Les notaires en congrès : 15 propositions pour que le droit de la famille évolue
Dans le cadre du 121e congrès des notaires de France, qui se tiendra du 24 au 26 septembre à Montpellier, la profession a choisi d’étudier les évolutions législatives souhaitables pour simplifier et adapter le droit de la famille aux réalités actuelles.

Nous sommes des « notaires bâtisseurs », a déclaré Jean Gasté, notaire à Nantes et président du 121e congrès de la profession lors de la présentation à la presse des propositions et du rapport intitulé « Famille & créativité notariale : accompagner les tribus d’aujourd’hui ». Depuis les années 1960, la profession a ainsi formulé « plus de 1 500 propositions d’évolutions législatives », qui « ont donné lieu à plus de 200 textes », a-t-il rappelé, avant la présentation des propositions émises cette année par les trois commissions (composées de notaires bénévoles) en charge de la préparation du congrès.
La naissance de la famille
La première commission a travaillé sur les différentes étapes de la construction d’une famille. En termes de régime matrimonial, elle préconise de « dynamiser le régime de la communauté » en offrant la possibilité aux époux d’opter pour une « communauté restreinte », par le biais d’une convention permettant d’exclure certains éléments de leur patrimoine, et notamment leurs biens professionnels ou les fruits et revenus de leurs biens propres.
Pour réduire les contentieux liés au logement de la famille lors d’un divorce entre époux séparés de biens, elle propose d’intégrer dans le Code civil un alinéa prévoyant que « sauf clause contraire, toutes les dépenses ayant une affectation familiale et qui sont financées par l’un des époux à l’aide de ses gains et salaires, économisés ou non, sont présumés participer de son obligation de contribuer aux charges du mariage. »
Autre proposition : permettre aux parents de désigner, par anticipation, un tuteur pour un enfant mineur en cas d’empêchement, notamment lorsque le parent est vivant, mais hors d’état de manifester sa volonté. Cette disposition vise « à combler un vide » juridique, dans la mesure où « les dispositifs existants ne concernent que les majeurs », a précisé Stéphane David, notaire à Meudon (Hauts-de-Seine), et rapporteur général du congrès.
La vie de la famille
La deuxième commission a étudié plusieurs facettes de la vie de la famille. Elle préconise tout d’abord de simplifier la procédure de changement de régime matrimonial en supprimant le droit d’opposition des enfants et des tiers (créanciers), dont les intérêts sont protégés par d’autres dispositions du Code civil. Elle propose également de mieux définir les prérogatives de l’usufruitier et du nu-propriétaire sur les droits sociaux, en intégrant un corps de règles dans le Code civil, car ces questions sont la source d’un important contentieux, tant sur le plan juridique que fiscal.

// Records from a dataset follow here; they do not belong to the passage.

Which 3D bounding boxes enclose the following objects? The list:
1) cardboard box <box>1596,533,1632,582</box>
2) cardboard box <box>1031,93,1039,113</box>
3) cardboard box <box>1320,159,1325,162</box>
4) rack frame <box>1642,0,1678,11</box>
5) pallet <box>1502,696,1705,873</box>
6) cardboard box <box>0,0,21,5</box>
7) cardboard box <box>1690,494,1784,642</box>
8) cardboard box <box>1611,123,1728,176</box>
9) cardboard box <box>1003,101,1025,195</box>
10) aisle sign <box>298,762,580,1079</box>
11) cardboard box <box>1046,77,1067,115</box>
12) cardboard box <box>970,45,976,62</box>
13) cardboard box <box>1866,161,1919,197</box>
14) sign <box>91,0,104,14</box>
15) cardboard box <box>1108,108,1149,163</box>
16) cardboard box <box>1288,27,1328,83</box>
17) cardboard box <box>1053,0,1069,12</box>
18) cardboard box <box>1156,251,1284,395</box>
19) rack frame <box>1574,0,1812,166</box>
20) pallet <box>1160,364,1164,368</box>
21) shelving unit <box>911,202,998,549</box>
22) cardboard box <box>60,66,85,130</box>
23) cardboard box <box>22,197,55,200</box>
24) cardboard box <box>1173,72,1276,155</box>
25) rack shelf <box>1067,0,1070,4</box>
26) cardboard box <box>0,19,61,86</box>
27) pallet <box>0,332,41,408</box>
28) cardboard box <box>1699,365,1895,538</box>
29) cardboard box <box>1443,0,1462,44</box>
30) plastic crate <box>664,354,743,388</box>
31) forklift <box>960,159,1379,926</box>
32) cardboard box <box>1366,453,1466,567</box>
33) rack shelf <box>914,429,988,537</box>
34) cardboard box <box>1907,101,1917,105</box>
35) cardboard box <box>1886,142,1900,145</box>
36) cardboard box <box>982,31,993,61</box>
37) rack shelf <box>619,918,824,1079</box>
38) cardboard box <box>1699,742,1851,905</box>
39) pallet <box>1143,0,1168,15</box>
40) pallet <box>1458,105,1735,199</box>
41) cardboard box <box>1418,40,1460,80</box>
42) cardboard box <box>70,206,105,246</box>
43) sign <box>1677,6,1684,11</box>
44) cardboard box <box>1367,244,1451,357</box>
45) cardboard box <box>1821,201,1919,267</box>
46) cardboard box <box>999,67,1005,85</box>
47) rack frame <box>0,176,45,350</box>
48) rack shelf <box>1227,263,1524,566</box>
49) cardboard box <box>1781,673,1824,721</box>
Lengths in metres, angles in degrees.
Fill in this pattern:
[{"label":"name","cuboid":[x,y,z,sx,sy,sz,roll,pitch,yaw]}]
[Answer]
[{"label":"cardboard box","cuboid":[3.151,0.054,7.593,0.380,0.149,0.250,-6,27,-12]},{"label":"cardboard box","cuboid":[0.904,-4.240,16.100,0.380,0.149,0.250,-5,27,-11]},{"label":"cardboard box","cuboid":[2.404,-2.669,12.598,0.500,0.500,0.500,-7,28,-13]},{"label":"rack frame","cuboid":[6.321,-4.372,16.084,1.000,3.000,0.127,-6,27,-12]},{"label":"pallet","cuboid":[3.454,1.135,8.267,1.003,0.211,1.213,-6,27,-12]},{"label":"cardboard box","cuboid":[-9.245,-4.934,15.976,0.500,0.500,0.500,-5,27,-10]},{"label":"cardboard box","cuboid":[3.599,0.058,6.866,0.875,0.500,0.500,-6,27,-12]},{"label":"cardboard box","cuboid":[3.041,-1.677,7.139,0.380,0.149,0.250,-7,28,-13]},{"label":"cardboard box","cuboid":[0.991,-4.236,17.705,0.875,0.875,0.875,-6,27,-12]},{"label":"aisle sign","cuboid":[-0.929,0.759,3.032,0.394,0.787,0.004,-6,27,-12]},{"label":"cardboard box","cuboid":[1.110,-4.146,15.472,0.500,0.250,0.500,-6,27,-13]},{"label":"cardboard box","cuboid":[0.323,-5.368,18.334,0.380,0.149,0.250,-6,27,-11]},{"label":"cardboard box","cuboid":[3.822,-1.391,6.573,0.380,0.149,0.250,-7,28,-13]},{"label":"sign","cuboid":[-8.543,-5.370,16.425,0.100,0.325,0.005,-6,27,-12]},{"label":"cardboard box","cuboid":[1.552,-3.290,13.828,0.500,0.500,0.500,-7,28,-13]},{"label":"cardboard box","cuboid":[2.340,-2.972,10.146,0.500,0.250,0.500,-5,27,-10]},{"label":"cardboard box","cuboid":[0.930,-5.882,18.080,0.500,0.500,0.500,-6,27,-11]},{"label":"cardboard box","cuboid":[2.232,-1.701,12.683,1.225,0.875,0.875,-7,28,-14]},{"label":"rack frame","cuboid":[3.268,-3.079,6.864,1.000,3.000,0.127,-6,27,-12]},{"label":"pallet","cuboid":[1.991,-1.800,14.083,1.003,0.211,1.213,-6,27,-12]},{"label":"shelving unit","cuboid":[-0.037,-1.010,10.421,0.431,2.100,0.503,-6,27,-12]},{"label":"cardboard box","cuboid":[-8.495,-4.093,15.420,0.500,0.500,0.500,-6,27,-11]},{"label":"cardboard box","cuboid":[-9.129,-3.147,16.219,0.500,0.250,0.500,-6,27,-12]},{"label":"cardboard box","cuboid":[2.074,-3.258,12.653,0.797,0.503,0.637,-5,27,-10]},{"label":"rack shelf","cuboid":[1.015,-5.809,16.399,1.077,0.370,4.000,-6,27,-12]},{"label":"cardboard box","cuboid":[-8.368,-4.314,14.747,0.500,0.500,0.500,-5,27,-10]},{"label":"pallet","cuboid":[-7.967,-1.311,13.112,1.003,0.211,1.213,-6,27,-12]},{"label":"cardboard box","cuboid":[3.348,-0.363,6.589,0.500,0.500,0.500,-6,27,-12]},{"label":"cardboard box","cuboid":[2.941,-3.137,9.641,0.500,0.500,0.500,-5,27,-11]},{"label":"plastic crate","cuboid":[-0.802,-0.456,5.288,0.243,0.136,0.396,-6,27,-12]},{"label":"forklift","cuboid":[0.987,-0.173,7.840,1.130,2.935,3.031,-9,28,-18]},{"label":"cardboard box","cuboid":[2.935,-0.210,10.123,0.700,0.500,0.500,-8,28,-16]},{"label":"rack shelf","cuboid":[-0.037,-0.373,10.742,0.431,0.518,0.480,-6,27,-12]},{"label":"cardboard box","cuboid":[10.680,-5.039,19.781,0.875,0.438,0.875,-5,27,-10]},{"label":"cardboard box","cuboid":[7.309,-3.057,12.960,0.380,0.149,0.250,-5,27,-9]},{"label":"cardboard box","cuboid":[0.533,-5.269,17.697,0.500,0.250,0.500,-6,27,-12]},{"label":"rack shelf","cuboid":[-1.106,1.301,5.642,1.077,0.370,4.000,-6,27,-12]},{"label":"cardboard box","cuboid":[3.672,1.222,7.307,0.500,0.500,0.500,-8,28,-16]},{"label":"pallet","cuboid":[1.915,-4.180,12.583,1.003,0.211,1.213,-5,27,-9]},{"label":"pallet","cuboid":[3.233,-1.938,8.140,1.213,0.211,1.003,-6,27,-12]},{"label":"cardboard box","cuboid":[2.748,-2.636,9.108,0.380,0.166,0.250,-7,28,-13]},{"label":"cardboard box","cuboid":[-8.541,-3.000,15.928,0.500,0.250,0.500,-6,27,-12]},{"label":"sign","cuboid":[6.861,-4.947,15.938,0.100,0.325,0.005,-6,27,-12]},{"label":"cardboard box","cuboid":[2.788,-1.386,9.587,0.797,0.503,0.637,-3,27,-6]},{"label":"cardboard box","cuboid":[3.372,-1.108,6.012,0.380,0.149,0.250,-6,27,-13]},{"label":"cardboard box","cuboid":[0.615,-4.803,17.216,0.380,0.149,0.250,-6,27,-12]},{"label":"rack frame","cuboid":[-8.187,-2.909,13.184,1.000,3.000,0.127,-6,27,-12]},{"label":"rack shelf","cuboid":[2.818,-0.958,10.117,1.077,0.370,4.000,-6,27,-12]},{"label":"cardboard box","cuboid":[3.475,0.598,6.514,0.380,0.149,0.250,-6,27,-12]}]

Pour moderniser la liquidation du régime de la participation aux acquêts – « un régime peu prisé car considéré comme trop complexe », a souligné le rapporteur –, la commission suggère d’apporter des ajustements à deux règles qui perturbent la liquidation de la créance de participation : la première concerne la date de valorisation des biens originaires et finaux, et la seconde, la prescription de l’action en liquidation de la créance de participation.
Pour faciliter les financements des opérations immobilières familiales, qui « mêlent souvent partage et acquisition », elle propose de moderniser l’hypothèque légale du prêteur de deniers, en lui conférant la capacité de financer indifféremment les opérations de vente et de partage – et éviter ainsi que les banques ne sollicitent une hypothèque conventionnelle dès qu’une difficulté de qualification juridique apparaît.
Enfin, la commission préconise de modifier les règles de la procédure de partage judiciaire, sources de blocages et de crises familiales, lorsque le couple n’est pas parvenu à un règlement amiable de ses intérêts patrimoniaux, et de difficultés pour le notaire commis pour établir l’état liquidatif. Les différentes propositions concernent la mission du professionnel qualifié, l’obligation de loyauté dans la preuve et le statut du notaire commis. Cette question délicate fait déjà l’objet de travaux au sein d’un groupe de réflexion mis en place par la Chancellerie.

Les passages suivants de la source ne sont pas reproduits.